Философам легко: они могут позволить себе выйти за рамки политической конъюнктуры. Сложнее газете «Коммерсант» и ее владельцу Алишеру Бурхановичу Усманову: ведь Брейвик – такой аппетитный «фрукт», что было бы грех его не пристроить с какого-нибудь конца к «тандемной войне». И – ура – Брейвик напрашивается: ему симпатичен Владимир Владимирович Путин, а движение «Наши», наряду с Британской национальной партией, видится ему прообразом правильной организации политической силы для «освобождения Европы». Про иные персональные пристрастия (как то Бисмарк и Черчилль) традиционно многословная псевдо-деловая газета как бы ненароком умалчивает.

Подкол работает: пресс-секретарь Путина тут же характеризует Брейвика как вдрызг сумасшедшего человека и «исчадие ада», хотя психиатры еще не сказали своего слова. И мало того, немецкие эксперты сомневаются в том, что Брейвик нездоров. Хотя бы потому, что слишком уж этот шизоид болтлив, и слишком целенаправлен в своих действиях. И больше того, в них при ближайшем рассмотрении обнаруживается логика – а не паралогика, как у классического шизофреника. Он ведь не просто так расстреливает подростков в лагере. Это лагерь правящей норвежской партии, он совершенно пестр по национальному составу, но главное – в другом: Норвежская рабочая партия открыто симпатизирует палестинцам, и этому учит свое младшее поколение.
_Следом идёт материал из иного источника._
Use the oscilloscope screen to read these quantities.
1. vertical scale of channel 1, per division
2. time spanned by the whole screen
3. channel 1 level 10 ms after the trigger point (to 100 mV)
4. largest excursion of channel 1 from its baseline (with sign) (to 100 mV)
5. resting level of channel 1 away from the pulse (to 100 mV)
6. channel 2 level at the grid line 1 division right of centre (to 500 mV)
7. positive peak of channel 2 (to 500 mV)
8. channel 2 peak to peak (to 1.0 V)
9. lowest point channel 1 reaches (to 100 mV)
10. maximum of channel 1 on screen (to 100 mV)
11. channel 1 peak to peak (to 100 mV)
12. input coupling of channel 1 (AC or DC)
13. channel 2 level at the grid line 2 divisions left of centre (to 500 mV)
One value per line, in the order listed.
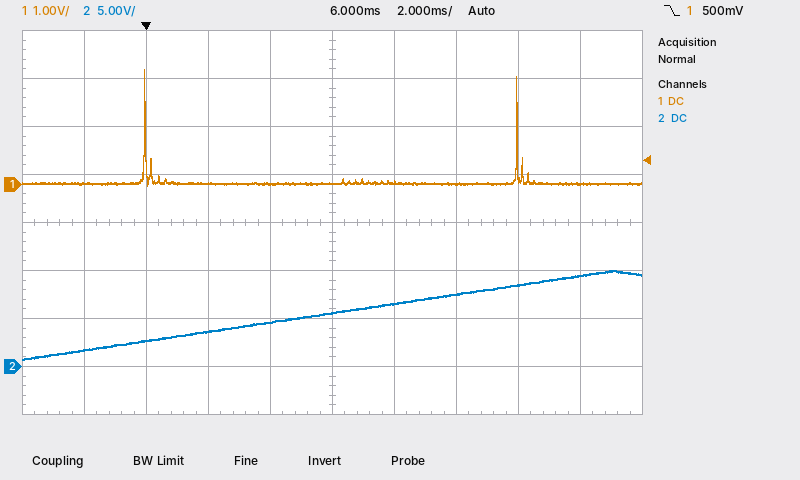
1 V
20 ms
0.0 V
+2.4 V
0.0 V
6.5 V
10.0 V
9.0 V
0.0 V
2.4 V
2.4 V
DC
3.5 V

На это обстоятельство обращает внимание телеведущий и член Общественной палаты Максим Шевченко. А дальше начинаются процессы, которые сам Брейвик предвидеть никак не мог. Он-то думал, что сотрясет Европу – а сотряс до основания московский истэблишмент.

АТМОСФЕРА ГАНГРЕНЫ

Нельзя сказать, что телеведущий Максим Шевченко по всем параметрам соответствует образу врага Андерса Беринга Брейвика. Во-первых, он не либерал, во-вторых, не мультикультуралист. Назвать его правозащитником тоже было бы большой натяжкой. А тот орган, в котором состоит Шевченко, – Общественная палата – имеет в своем составе целую комиссию, которая разрабатывает и обосновывает методы противодействия глобальному потеплению. И преуспела в этом направлении больше, чем любая из государственных и самодеятельных структур.
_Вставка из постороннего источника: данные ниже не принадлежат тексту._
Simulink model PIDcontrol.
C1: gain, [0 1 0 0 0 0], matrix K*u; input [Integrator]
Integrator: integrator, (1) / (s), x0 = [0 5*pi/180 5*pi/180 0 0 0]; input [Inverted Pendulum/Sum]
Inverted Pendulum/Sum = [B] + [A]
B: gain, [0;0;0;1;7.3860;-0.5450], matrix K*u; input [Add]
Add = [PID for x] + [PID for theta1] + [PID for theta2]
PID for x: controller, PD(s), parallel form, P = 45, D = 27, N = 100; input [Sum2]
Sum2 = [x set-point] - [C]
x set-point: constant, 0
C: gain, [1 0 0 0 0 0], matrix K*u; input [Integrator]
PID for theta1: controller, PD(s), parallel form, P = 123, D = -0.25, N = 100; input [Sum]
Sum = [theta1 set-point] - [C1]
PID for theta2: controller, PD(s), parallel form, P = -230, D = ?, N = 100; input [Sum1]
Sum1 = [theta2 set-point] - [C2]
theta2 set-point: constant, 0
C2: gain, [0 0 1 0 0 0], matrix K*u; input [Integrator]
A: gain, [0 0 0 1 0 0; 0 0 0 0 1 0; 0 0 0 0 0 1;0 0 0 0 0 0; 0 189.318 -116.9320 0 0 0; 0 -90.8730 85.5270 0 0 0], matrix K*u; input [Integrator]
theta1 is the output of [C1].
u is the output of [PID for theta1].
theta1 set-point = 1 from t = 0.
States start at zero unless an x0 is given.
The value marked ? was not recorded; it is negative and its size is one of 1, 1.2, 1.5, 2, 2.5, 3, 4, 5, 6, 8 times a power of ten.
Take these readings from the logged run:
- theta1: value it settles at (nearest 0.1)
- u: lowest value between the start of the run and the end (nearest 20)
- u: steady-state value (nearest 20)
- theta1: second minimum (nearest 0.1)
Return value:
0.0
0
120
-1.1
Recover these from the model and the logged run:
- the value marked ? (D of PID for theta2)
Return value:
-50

У телеведущего Шевченко есть призвание, есть функция, а есть текущие поручения в рамках и за рамками этой функции. Например, совсем недавно он ездил в Приднестровье и агитировал там за избрание в президенты спикера парламента Анатолия Каминского – человека, как я подозреваю, принадлежащего к любезной Андерсу Брейвику нации. Эта деятельность, равно как и снисходительная манера поведения, довели до белого каления сторонников действующего президента Игоря Смирнова. Зато отменное исполнение вышестоящих указаний создает телеведущему Шевченко известный резерв иммунитета.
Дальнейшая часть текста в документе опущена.